Cleaning up the way tags information might support to get to more standardized data and thereby makes it easier to search for data, describe/explain certain data objects, build reports on the data, build navigation/view layers based on the data, and so on.


_Definition of a "Way" in OpenStreetMap:_ https://wiki.openstreetmap.org/wiki/Way

## Conclusion

After completing my investigations on the data set I am quite surprised about the amout of data which is available for that rather small piece of land on the map. In total the data sums up to about 950K records. Most of it beeing Nodes (about 850K records), quite a lot Ways (about 100K) and a few Relations. Apart from the number of records, I was also impressed by the amount of data which is tied to single records.

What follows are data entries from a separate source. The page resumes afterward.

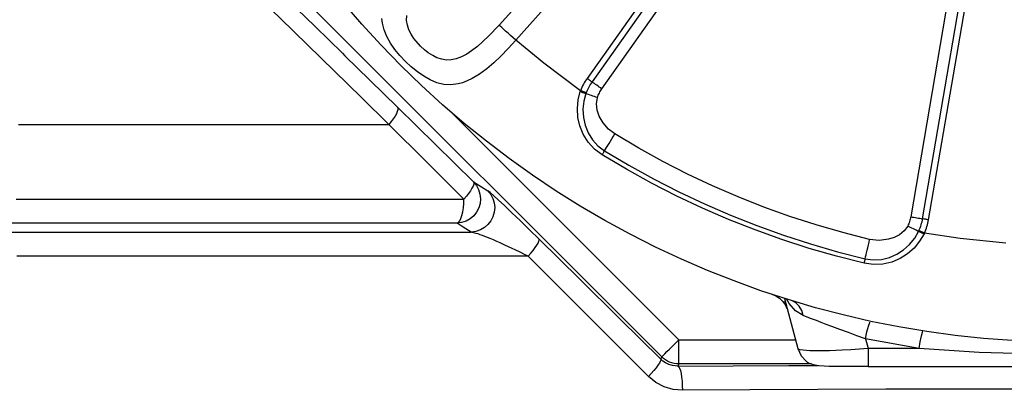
# Model space of a CAD drawing. Header units: millimetres. Extents: x 196 to 1773810, y -221320 to 153872.
# Tile 213 of 256: x 1163512 to 1163918, y -195913 to -195760. Entities that reach past the tile are written whole.
import ezdxf

# ---------------------------------------------------------------- set-up
doc = ezdxf.new("R2010")
doc.units = ezdxf.units.MM
doc.layers.get('Defpoints').update_dxf_attribs({"lineweight": 18})
doc.layers.add('00_Основной', color=163, linetype='Continuous', lineweight=40)
doc.layers.add('ТМ-размеры', color=25, linetype='Continuous', lineweight=20)
doc.styles.add('SFINKS', font='SFINKS.shx', dxfattribs={"width": 0.7, "oblique": 15})
doc.dimstyles.new('кира-50', dxfattribs={"dimtxt": 150, "dimasz": 40, "dimexe": 15, "dimexo": 0, "dimgap": 20, "dimtad": 1, "dimdec": 0, "dimrnd": 5, "dimdsep": 46, "dimtxsty": 'SFINKS', "dimblk1": 'OBLIQUE', "dimblk2": 'OBLIQUE', "dimsah": 1, "dimcen": 2.5, "dimclrd": 252, "dimclre": 252, "dimclrt": 252, "dimadec": 0, "dimazin": 0, "dimtfac": 1, "dimtdec": 0, "dimtofl": 0, "dimtmove": 0, "dimatfit": 3, "dimldrblk": 'OBLIQUE', "dimfxl": 15, "dimtfill": 1, "dimtolj": 1, "dimtzin": 0, "dimlwd": 20, "dimlwe": 20, "dimarcsym": 0})

# ---------------------------------------------------------------- blocks, each defined once
blk = doc.blocks.new('_Oblique')
at = {"color": 0, "linetype": 'ByBlock', "lineweight": -2}
blk.add_line((-0.5, -0.5), (0.5, 0.5), dxfattribs=at)
blk = doc.blocks.new('*D60')
at = {"layer": 'Defpoints', "color": 0, "linetype": 'ByBlock', "lineweight": 50, "transparency": 16777216}
for p in [(1164814.67, -194508.84), (1163074.58, -195856.77), (1164814.67, -195857.67)]:
    blk.add_point(p, dxfattribs=at)
at = {"layer": 'ТМ-размеры', "color": 252, "linetype": 'ByBlock', "lineweight": 20, "transparency": 16777216}
for p, q in [((1163074.58, -195856.77), (1163074.58, -194493.84)), ((1164814.67, -195857.67), (1164814.67, -194493.84)), ((1163074.58, -194508.84), (1164814.67, -194508.84))]:
    blk.add_line(p, q, dxfattribs=at)
at = {"layer": 'ТМ-размеры', "color": 252, "linetype": 'ByBlock', "lineweight": 20, "transparency": 16777216, "xscale": 40, "yscale": 40, "zscale": 40, "rotation": 180}
blk.add_blockref('_Oblique', (1163074.58, -194508.84), dxfattribs=at)
at = {"layer": 'ТМ-размеры', "color": 252, "linetype": 'ByBlock', "lineweight": 20, "transparency": 16777216, "xscale": 40, "yscale": 40, "zscale": 40}
blk.add_blockref('_Oblique', (1164814.67, -194508.84), dxfattribs=at)
at = {"layer": 'ТМ-размеры', "color": 252, "linetype": 'ByBlock', "transparency": 16777216, "insert": (1163944.63, -194413.84), "char_height": 150, "attachment_point": 5, "style": 'SFINKS', "bg_fill": 3, "box_fill_scale": 1.1, "bg_fill_color": 256, "bg_fill_true_color": 13158600, "bg_fill_transparency": 0}
blk.add_mtext('\\A1;1740', dxfattribs=at)

msp = doc.modelspace()

# ---------------------------------------------------------------- linework, layer by layer
at = {"layer": '00_Основной', "color": 252, "lineweight": 25, "ltscale": 10}
for p, q in [((1163850.11, -195636.71, 0.2), (1163745.72, -195784.26, 0.2)), ((1163852.14, -195638.16, 0.2), (1163747.75, -195785.7, 0.2)), ((1163751.81, -195788.59, 0.2), (1163856.22, -195641.03, 0.2)), ((1163909.8, -195663.23, 0.2), (1163879.29, -195841.38, 0.2)), ((1163884.2, -195842.23, 0.2), (1163914.71, -195664.08, 0.2)), ((1163886.66, -195842.65, 0.2), (1163917.18, -195664.48, 0.2)), ((1163776.51, -195899.25, 0.2), (1163548.68, -195671.42, 0.2)), ((1163690.15, -195798.75, 0.2), (1163783.58, -195892.18, 0.2)), ((1163826.52, -195876.38, 0.2), (1163827.58, -195877.92, 0.2)), ((1163827.14, -195875.12, 0.2), (1163832.68, -195895.85, 0.2)), ((1163831.14, -195876.52, 0.2), (1163830.31, -195876.11, 0.2)), ((1163862.64, -195884.59, 0.2), (1163862.67, -195884.54, 0.2)), ((1163783.58, -195892.18, 0.2), (1163831.71, -195892.18, 0.2)), ((1163882.75, -195895.85, 0.2), (1163860.57, -195891.73, 0.2)), ((1163860.57, -195891.73, 0.2), (1163861.67, -195895.85, 0.2)), ((1163882.75, -195895.85, 0.2), (1163861.67, -195895.85, 0.2)), ((1163776.11, -195900.23, 0.2), (1163776.51, -195899.25, 0.2)), ((1163783.58, -195902.17, 0.2), (1163783.21, -195903.06, 0.2)), ((1163838.28, -195902.17, 0.2), (1163783.58, -195902.17, 0.2)), ((1163861.67, -195903.01, 0.2), (1163861.67, -195903.26, 0.2)), ((1163861.67, -195903.26, 0.2), (1164027.68, -195903.26, 0.2))]:
    msp.add_line(p, q, dxfattribs=at)
at = {"layer": '00_Основной', "color": 252, "lineweight": 25, "ltscale": 10, "elevation": 0.2}
for points in [[(1163839.78, -195617.2), (1163830.16, -195627.9), (1163819.98, -195639.2), (1163809.24, -195651.12), (1163799.31, -195662.18), (1163791.41, -195670.96), (1163783.24, -195680.06), (1163774.78, -195689.46), (1163767.52, -195697.55), (1163754.06, -195712.54), (1163739.88, -195728.32), (1163724.97, -195744.9), (1163709.37, -195762.28)], [(1163716.32, -195768.51), (1163789.06, -195686.94), (1163845.99, -195622.66)], [(1163663.87, -195803.26), (1163652.61, -195792.22), (1163641.41, -195781.24), (1163630.27, -195770.36), (1163619.21, -195759.55), (1163608.22, -195748.84), (1163597.31, -195738.23), (1163586.47, -195727.7), (1163575.73, -195717.29)], [(1163621.98, -195751.68), (1163622.26, -195751.95), (1163633.46, -195762.88), (1163644.74, -195773.9), (1163645.77, -195774.92)], [(1163921.13, -195892.55), (1163909.38, -195891.66), (1163897.66, -195890.42), (1163886, -195888.81), (1163874.38, -195886.86), (1163862.82, -195884.58), (1163851.34, -195881.92), (1163839.95, -195878.93), (1163828.65, -195875.6), (1163817.46, -195871.92), (1163806.38, -195867.91), (1163795.43, -195863.56), (1163784.62, -195858.9), (1163773.95, -195853.9), (1163763.44, -195848.58), (1163753.08, -195842.95), (1163742.91, -195837.01), (1163732.93, -195830.77), (1163723.12, -195824.22), (1163713.54, -195817.38), (1163704.16, -195810.25), (1163694.99, -195802.86), (1163686.06, -195795.18), (1163677.36, -195787.24), (1163668.91, -195779.02), (1163660.69, -195770.57), (1163652.75, -195761.88), (1163645.08, -195752.94)], [(1163716.32, -195768.51), (1163713.2, -195771.93), (1163710.13, -195775.06), (1163707.15, -195777.86), (1163704.27, -195780.28), (1163701.31, -195782.48), (1163698.22, -195784.37), (1163696.23, -195785.32), (1163694.32, -195786.05), (1163692.46, -195786.55), (1163689.47, -195786.91), (1163686.58, -195786.73), (1163683.76, -195786.04), (1163680.98, -195784.9), (1163678.29, -195783.4), (1163675.67, -195781.56), (1163673.13, -195779.5), (1163670.73, -195777.25), (1163668.47, -195774.85), (1163666.41, -195772.34), (1163664.58, -195769.71), (1163663.07, -195767.02), (1163661.92, -195764.25), (1163661.22, -195761.44), (1163661.04, -195759.52)], [(1163709.37, -195762.28), (1163704.98, -195766.9), (1163700.49, -195771.04), (1163696.04, -195774.27), (1163693.87, -195775.41), (1163691.74, -195776.22), (1163689.67, -195776.64), (1163687.62, -195776.7), (1163685.69, -195776.39), (1163683.76, -195775.75), (1163681.98, -195774.88), (1163680.18, -195773.74), (1163678.55, -195772.45), (1163676.97, -195771), (1163674.23, -195767.78), (1163673.07, -195766), (1163672.2, -195764.22), (1163671.55, -195762.29), (1163671.24, -195760.37), (1163671.28, -195758.32)], [(1163716.32, -195768.51), (1163715.21, -195767.51), (1163714.12, -195766.52), (1163713.08, -195765.59), (1163712.1, -195764.73), (1163711.23, -195763.96), (1163710.47, -195763.26), (1163709.85, -195762.71), (1163709.37, -195762.28)], [(1163743.04, -195789.34), (1163727.84, -195778), (1163716.32, -195768.51)], [(1163645.77, -195774.92), (1163656.07, -195785.01), (1163667.47, -195796.18)], [(1163745.72, -195784.26), (1163745.31, -195784.85), (1163744.91, -195785.46), (1163744.56, -195786.08), (1163744.21, -195786.72), (1163743.88, -195787.35), (1163743.58, -195788.02), (1163743.3, -195788.66), (1163743.04, -195789.34)], [(1163747.75, -195785.7), (1163747.38, -195786.24), (1163747.04, -195786.77), (1163746.72, -195787.32), (1163746.42, -195787.87), (1163746.12, -195788.44), (1163745.86, -195789.02), (1163745.62, -195789.61), (1163745.38, -195790.2)], [(1163745.72, -195784.26), (1163745.97, -195784.46), (1163746.24, -195784.64), (1163746.51, -195784.82), (1163746.76, -195785.01), (1163747.02, -195785.19), (1163747.27, -195785.36), (1163747.51, -195785.54), (1163747.75, -195785.7)], [(1163751.81, -195788.59), (1163751.29, -195788.21), (1163750.76, -195787.83), (1163750.23, -195787.46), (1163749.71, -195787.1), (1163749.2, -195786.73), (1163748.71, -195786.38), (1163748.21, -195786.04), (1163747.75, -195785.7)], [(1163751.87, -195815.8), (1163748.72, -195813.44), (1163746.1, -195810.56), (1163744.08, -195807.36), (1163742.68, -195803.9), (1163741.91, -195800.35), (1163741.7, -195796.73), (1163742.05, -195793.16), (1163742.92, -195789.69)], [(1163742.92, -195789.69), (1163742.99, -195789.5), (1163743.04, -195789.34)], [(1163742.92, -195789.69), (1163743.23, -195789.81), (1163743.53, -195789.92), (1163743.84, -195790.03), (1163744.14, -195790.14), (1163744.42, -195790.24), (1163744.72, -195790.36), (1163744.98, -195790.46), (1163745.25, -195790.56)], [(1163745.38, -195790.2), (1163745.11, -195790.1), (1163744.83, -195790), (1163744.54, -195789.89), (1163744.25, -195789.78), (1163743.95, -195789.68), (1163743.66, -195789.57), (1163743.34, -195789.45), (1163743.04, -195789.34)], [(1163745.25, -195790.56), (1163744.39, -195793.73), (1163744.02, -195797.03), (1163744.19, -195800.35), (1163744.9, -195803.61), (1163746.14, -195806.72), (1163747.9, -195809.59), (1163750.17, -195812.1), (1163752.88, -195814.15)], [(1163745.38, -195790.2), (1163745.31, -195790.4), (1163745.25, -195790.56)], [(1163749.98, -195792.19), (1163749.36, -195791.96), (1163748.74, -195791.76), (1163748.13, -195791.54), (1163747.54, -195791.34), (1163746.94, -195791.13), (1163746.36, -195790.94), (1163745.8, -195790.74), (1163745.25, -195790.56)], [(1163757.18, -195807.18), (1163754.56, -195805.17), (1163752.39, -195802.68), (1163750.74, -195799.81), (1163749.88, -195797.36), (1163749.56, -195794.76), (1163749.98, -195792.19)], [(1163749.98, -195792.19), (1163750.15, -195791.71), (1163750.33, -195791.23), (1163750.54, -195790.78), (1163750.77, -195790.32), (1163751.01, -195789.88), (1163751.26, -195789.44), (1163751.53, -195789), (1163751.81, -195788.59)], [(1163667.47, -195796.18), (1163667.62, -195796.61), (1163667.6, -195797.2), (1163667.38, -195797.95), (1163666.99, -195798.84), (1163666.43, -195799.84), (1163665.71, -195800.93), (1163664.84, -195802.08), (1163663.87, -195803.26)], [(1163667.47, -195796.18), (1163683.09, -195811.55), (1163698.84, -195827.03)], [(1163511.01, -195803.26), (1163525.53, -195803.26), (1163540.24, -195803.26), (1163555.14, -195803.26), (1163570.2, -195803.26), (1163585.44, -195803.26), (1163600.84, -195803.26), (1163616.37, -195803.26), (1163632.06, -195803.26), (1163647.9, -195803.26), (1163663.87, -195803.26)], [(1163694.86, -195834.09), (1163679.31, -195818.61), (1163663.87, -195803.26)], [(1163752.88, -195814.15), (1163753.26, -195813.51), (1163753.72, -195812.79), (1163754.21, -195811.97), (1163754.76, -195811.1), (1163755.33, -195810.17), (1163755.93, -195809.2), (1163756.55, -195808.19), (1163757.18, -195807.18)], [(1163862.34, -195850.74), (1163851.27, -195847.93), (1163840.29, -195844.76), (1163829.41, -195841.24), (1163818.64, -195837.39), (1163808.02, -195833.18), (1163797.53, -195828.64), (1163787.19, -195823.76), (1163777.02, -195818.55), (1163767.01, -195813.02), (1163757.18, -195807.18)], [(1163752.88, -195814.15), (1163752.79, -195814.32), (1163752.67, -195814.49), (1163752.55, -195814.68), (1163752.43, -195814.88), (1163752.29, -195815.09), (1163752.15, -195815.32), (1163752.01, -195815.56), (1163751.87, -195815.8)], [(1163860.02, -195860.6), (1163848.62, -195857.71), (1163837.32, -195854.45), (1163826.14, -195850.84), (1163815.07, -195846.86), (1163804.14, -195842.54), (1163793.35, -195837.87), (1163782.72, -195832.84), (1163772.26, -195827.5), (1163761.96, -195821.81), (1163751.87, -195815.8)], [(1163752.88, -195814.15), (1163762.93, -195820.13), (1163773.16, -195825.78), (1163783.58, -195831.11), (1163794.16, -195836.09), (1163804.88, -195840.75), (1163815.76, -195845.05), (1163826.77, -195849), (1163837.89, -195852.59), (1163849.12, -195855.83), (1163860.47, -195858.71)], [(1163698.84, -195827.03), (1163700.04, -195828.51), (1163700.94, -195830.21), (1163701.49, -195832.04), (1163701.69, -195833.95), (1163701.51, -195835.86), (1163700.97, -195837.73), (1163700.08, -195839.44), (1163698.9, -195840.96), (1163697.43, -195842.22), (1163695.76, -195843.18), (1163693.94, -195843.8), (1163692.04, -195844.05)], [(1163698.84, -195827.03), (1163698.97, -195827.43), (1163698.9, -195828), (1163698.64, -195828.74), (1163698.19, -195829.63), (1163697.57, -195830.63), (1163696.79, -195831.73), (1163695.88, -195832.9), (1163694.86, -195834.09)], [(1163698.84, -195827.03), (1163702.14, -195829.06), (1163704.74, -195830.67)], [(1163704.74, -195830.67), (1163705.95, -195832.17), (1163706.84, -195833.86), (1163707.4, -195835.7), (1163707.59, -195837.62), (1163707.42, -195839.54), (1163706.87, -195841.38), (1163705.98, -195843.1), (1163704.78, -195844.62), (1163703.33, -195845.88), (1163701.65, -195846.83), (1163699.83, -195847.45), (1163697.92, -195847.7)], [(1163725.89, -195850.6), (1163721.99, -195846.77), (1163718.24, -195843.12), (1163714.7, -195839.72), (1163711.46, -195836.64), (1163709.17, -195834.52), (1163707.21, -195832.73), (1163705.68, -195831.41), (1163704.74, -195830.67)], [(1163510.09, -195834.09), (1163524.58, -195834.09), (1163539.27, -195834.09), (1163554.13, -195834.09), (1163569.16, -195834.09), (1163584.36, -195834.09), (1163599.72, -195834.09), (1163615.23, -195834.09), (1163630.9, -195834.09), (1163646.7, -195834.09), (1163662.63, -195834.09), (1163678.69, -195834.09), (1163694.86, -195834.09)], [(1163692.04, -195844.05), (1163692.6, -195843.72), (1163693.14, -195843.06), (1163693.62, -195842.09), (1163694.04, -195840.85), (1163694.4, -195839.38), (1163694.65, -195837.71), (1163694.8, -195835.94), (1163694.86, -195834.09)], [(1163692.04, -195844.05), (1163675.96, -195844.05), (1163659.99, -195844.05), (1163644.16, -195844.05), (1163628.44, -195844.05), (1163612.86, -195844.05), (1163597.42, -195844.05), (1163582.14, -195844.05), (1163567, -195844.05), (1163552.03, -195844.05), (1163537.22, -195844.05), (1163522.6, -195844.05), (1163508.16, -195844.05)], [(1163697.92, -195847.7), (1163694.62, -195845.66), (1163692.04, -195844.05)], [(1163879.29, -195841.38), (1163879.19, -195841.89), (1163879.08, -195842.38), (1163878.95, -195842.86), (1163878.81, -195843.36), (1163878.64, -195843.84), (1163878.46, -195844.3), (1163878.26, -195844.78), (1163878.05, -195845.24)], [(1163879.29, -195841.38), (1163879.93, -195841.5), (1163880.58, -195841.61), (1163881.21, -195841.72), (1163881.83, -195841.82), (1163882.45, -195841.93), (1163883.04, -195842.03), (1163883.64, -195842.13), (1163884.2, -195842.23)], [(1163882.69, -195847.08), (1163882.96, -195846.49), (1163883.2, -195845.91), (1163883.41, -195845.3), (1163883.61, -195844.7), (1163883.79, -195844.09), (1163883.95, -195843.47), (1163884.09, -195842.85), (1163884.2, -195842.23)], [(1163886.66, -195842.65), (1163886.35, -195842.6), (1163886.02, -195842.54), (1163885.7, -195842.48), (1163885.39, -195842.43), (1163885.08, -195842.38), (1163884.78, -195842.33), (1163884.48, -195842.27), (1163884.2, -195842.23)], [(1163884.96, -195848.13), (1163885.25, -195847.46), (1163885.53, -195846.8), (1163885.77, -195846.12), (1163886, -195845.45), (1163886.19, -195844.76), (1163886.38, -195844.06), (1163886.53, -195843.36), (1163886.66, -195842.65)], [(1163505.72, -195847.7), (1163520.88, -195847.7), (1163536.22, -195847.7), (1163551.74, -195847.7), (1163567.42, -195847.7), (1163583.26, -195847.7), (1163599.24, -195847.7), (1163615.37, -195847.7), (1163631.63, -195847.7), (1163648.02, -195847.7), (1163664.55, -195847.7), (1163681.19, -195847.7), (1163697.92, -195847.7)], [(1163721.4, -195857.67), (1163719.92, -195856.95), (1163718.1, -195856.06), (1163715.96, -195855.02), (1163713.57, -195853.9), (1163711.49, -195852.94), (1163709.79, -195852.18), (1163708.42, -195851.57), (1163707.02, -195850.98), (1163705.74, -195850.43), (1163704.57, -195849.95), (1163703.51, -195849.54), (1163702.58, -195849.17), (1163701.57, -195848.8), (1163700.72, -195848.5), (1163699.98, -195848.26), (1163697.92, -195847.7)], [(1163884.79, -195848.47), (1163882.96, -195851.53), (1163880.69, -195854.3), (1163877.96, -195856.74), (1163874.92, -195858.68), (1163871.43, -195860.15), (1163867.79, -195860.98), (1163863.87, -195861.15), (1163860.02, -195860.6)], [(1163860.47, -195858.71), (1163863.81, -195859.18), (1163867.2, -195858.99), (1163870.47, -195858.23), (1163873.55, -195856.9), (1163876.37, -195855.08), (1163878.83, -195852.87), (1163880.92, -195850.27), (1163882.54, -195847.42)], [(1163878.05, -195845.24), (1163876.61, -195847.27), (1163874.68, -195848.82), (1163872.45, -195849.96), (1163870.09, -195850.71), (1163866.21, -195851.18), (1163862.34, -195850.74)], [(1163882.54, -195847.42), (1163882.01, -195847.17), (1163881.48, -195846.9), (1163880.94, -195846.65), (1163880.38, -195846.36), (1163879.8, -195846.08), (1163879.22, -195845.8), (1163878.64, -195845.52), (1163878.05, -195845.24)], [(1163882.54, -195847.42), (1163882.64, -195847.22), (1163882.69, -195847.08)], [(1163882.54, -195847.42), (1163882.8, -195847.54), (1163883.07, -195847.66), (1163883.34, -195847.79), (1163883.62, -195847.92), (1163883.92, -195848.06), (1163884.2, -195848.18), (1163884.5, -195848.32), (1163884.79, -195848.47)], [(1163884.96, -195848.13), (1163884.67, -195847.99), (1163884.37, -195847.84), (1163884.08, -195847.72), (1163883.79, -195847.58), (1163883.51, -195847.45), (1163883.23, -195847.32), (1163882.96, -195847.2), (1163882.69, -195847.08)], [(1163884.96, -195848.13), (1163884.87, -195848.31), (1163884.79, -195848.47)], [(1163918.58, -195852.28), (1163899.71, -195850.36), (1163884.96, -195848.13)], [(1163721.4, -195857.67), (1163722.49, -195856.45), (1163723.46, -195855.27), (1163724.31, -195854.15), (1163725.01, -195853.14), (1163725.52, -195852.25), (1163725.85, -195851.52), (1163725.98, -195850.96), (1163725.89, -195850.6)], [(1163776.11, -195900.23), (1163759.29, -195883.59), (1163742.55, -195867.05), (1163725.89, -195850.6)], [(1163860.47, -195858.71), (1163860.64, -195857.98), (1163860.84, -195857.16), (1163861.05, -195856.23), (1163861.29, -195855.22), (1163861.54, -195854.17), (1163861.81, -195853.05), (1163862.08, -195851.91), (1163862.34, -195850.74)], [(1163721.4, -195857.67), (1163704.41, -195857.67), (1163687.54, -195857.67), (1163670.76, -195857.67), (1163654.11, -195857.67), (1163637.56, -195857.67), (1163621.14, -195857.67), (1163604.86, -195857.67), (1163588.72, -195857.67), (1163572.71, -195857.67), (1163556.87, -195857.67), (1163541.18, -195857.67), (1163525.65, -195857.67), (1163510.3, -195857.67)], [(1163771.03, -195907.3), (1163754.04, -195890.29), (1163737.49, -195873.74), (1163721.4, -195857.67)], [(1163860.47, -195858.71), (1163860.42, -195858.9), (1163860.37, -195859.11), (1163860.31, -195859.32), (1163860.27, -195859.54), (1163860.2, -195859.8), (1163860.14, -195860.05), (1163860.09, -195860.32), (1163860.02, -195860.6)], [(1163821.94, -195873.34), (1163823.61, -195874.04), (1163825.16, -195875.07), (1163826.52, -195876.38), (1163827.58, -195877.92)], [(1163826.73, -195876.31), (1163827.58, -195877.92), (1163828.17, -195879.23)], [(1163834.86, -195882.16), (1163831.67, -195880.27), (1163829.08, -195877.25), (1163828.08, -195875.26)], [(1163834.86, -195882.16), (1163834.28, -195880.06), (1163833.28, -195878.26), (1163831.91, -195876.9), (1163831.14, -195876.52)], [(1163860.57, -195891.73), (1163857.05, -195890.49), (1163853.55, -195889.23), (1163849.96, -195887.92), (1163846.72, -195886.71), (1163844.41, -195885.83), (1163842.28, -195885.02), (1163840.33, -195884.27), (1163838.37, -195883.5), (1163836.55, -195882.8), (1163834.86, -195882.16)], [(1163860.57, -195891.73), (1163861.24, -195888.9), (1163861.89, -195886.51), (1163862.39, -195885), (1163862.46, -195884.89)], [(1163882.75, -195895.85), (1163883.24, -195892.99), (1163883.72, -195890.58), (1163884.09, -195889.04), (1163884.29, -195888.56)], [(1163776.51, -195899.25), (1163776.69, -195899.07), (1163777.11, -195898.64), (1163777.79, -195897.97), (1163778.66, -195897.09), (1163779.72, -195896.04), (1163780.92, -195894.82), (1163782.24, -195893.52), (1163783.58, -195892.18)], [(1163783.58, -195902.17), (1163783.58, -195901.92), (1163783.58, -195901.31), (1163783.58, -195900.37), (1163783.58, -195899.12), (1163783.58, -195897.63), (1163783.58, -195895.92), (1163783.58, -195894.09), (1163783.58, -195892.18)], [(1163861.67, -195895.85), (1163858.14, -195896.1), (1163854.53, -195896.34), (1163851.01, -195896.53), (1163848.33, -195896.66), (1163845.81, -195896.74), (1163841.32, -195896.8), (1163837.65, -195896.74), (1163834.88, -195896.53), (1163833.71, -195896.34), (1163832.96, -195896.1), (1163832.68, -195895.85)], [(1163832.68, -195895.85), (1163834.04, -195898.82), (1163836.27, -195901.18), (1163836.53, -195901.33)], [(1163861.67, -195895.85), (1163861.67, -195898.82), (1163861.67, -195901.18), (1163861.67, -195902.72), (1163861.67, -195903.01)], [(1164006.6, -195895.85), (1163981.81, -195897.39), (1163956.93, -195898.16), (1163932.38, -195898.16), (1163907.54, -195897.39), (1163882.75, -195895.85)], [(1163776.11, -195900.23), (1163776.12, -195900.55), (1163775.94, -195901.09), (1163775.55, -195901.81), (1163774.96, -195902.68), (1163774.18, -195903.71), (1163773.25, -195904.84), (1163772.19, -195906.06), (1163771.03, -195907.3)], [(1163783.21, -195903.06), (1163781.01, -195902.85), (1163779.38, -195902.36), (1163778.13, -195901.76), (1163777.03, -195901.03), (1163776.11, -195900.23)], [(1163783.58, -195902.17), (1163782.6, -195902.13), (1163781.63, -195901.98), (1163780.68, -195901.74), (1163779.75, -195901.41), (1163778.86, -195900.99), (1163778.03, -195900.5), (1163777.24, -195899.9), (1163776.51, -195899.25)], [(1163836.51, -195901.37), (1163837.69, -195901.99), (1163839.09, -195902.43), (1163841.35, -195902.81), (1163843.57, -195903.01), (1163845.6, -195903.1), (1163847.33, -195903.15), (1163848.68, -195903.15), (1163850.36, -195903.15), (1163852.48, -195903.15), (1163856.54, -195903.15), (1163858.97, -195903.13), (1163861.67, -195903.13)], [(1163783.21, -195903.06), (1163806.07, -195902.92), (1163829.03, -195902.81), (1163841.04, -195902.75)], [(1163783.21, -195903.06), (1163783.56, -195903.32), (1163783.9, -195903.92), (1163784.21, -195904.86), (1163784.49, -195906.11), (1163784.72, -195907.61), (1163784.89, -195909.31), (1163785, -195911.15), (1163785.04, -195913.05)], [(1163785.04, -195913.05), (1163781.19, -195912.7), (1163777.48, -195911.58), (1163774.04, -195909.76), (1163771.03, -195907.3)], [(1164104.31, -195913.05), (1164074.76, -195912.88), (1164045.05, -195912.74), (1164015.24, -195912.63), (1163985.34, -195912.57), (1163955.38, -195912.53), (1163925.41, -195912.54), (1163897.18, -195912.57), (1163868.99, -195912.64), (1163840.9, -195912.76), (1163812.9, -195912.88), (1163785.04, -195913.05)]]:
    msp.add_lwpolyline(points, dxfattribs=at)

# ---------------------------------------------------------------- next in the draw order: dimensions: what is measured, and where the dimension line sits
at = {"layer": 'ТМ-размеры', "color": 3, "linetype": 'ByBlock'}
dim = msp.add_linear_dim(base=(1164814.67, -194508.84, 0.2), p1=(1163074.58, -195856.77, 0.2), p2=(1164814.67, -195857.67, 0.2), dimstyle='кира-50', dxfattribs=at)
dim.commit()
dim.dimension.update_dxf_attribs({"geometry": '*D60', "text_midpoint": (1163944.63, -194508.84, 0.2), "dimtype": 160})

doc.saveas('drawing.dxf')

Especially places which tend to be interesting for people, like parking lots, restaurants, bars, shops, and so on, are well described in the database. Additional information like opening times, telephone, website, or operator provide even additional information, beyond just the position and name of the place. Having such data available can really make a positive difference to people's - who are using the OpenStreetMap - lifes.


Apart from that, I have also seen that OpenStreetMaps is well integrated/related to other initiatives like GNIS and TIGER. A great idea to use and integrate information which is already. Ultimatley, that ends up in more user satisfaction and therefore a braoder usage of the map.


What I found irritating is the fact that so many different data points which were not inside Waukesha County have been in the data set.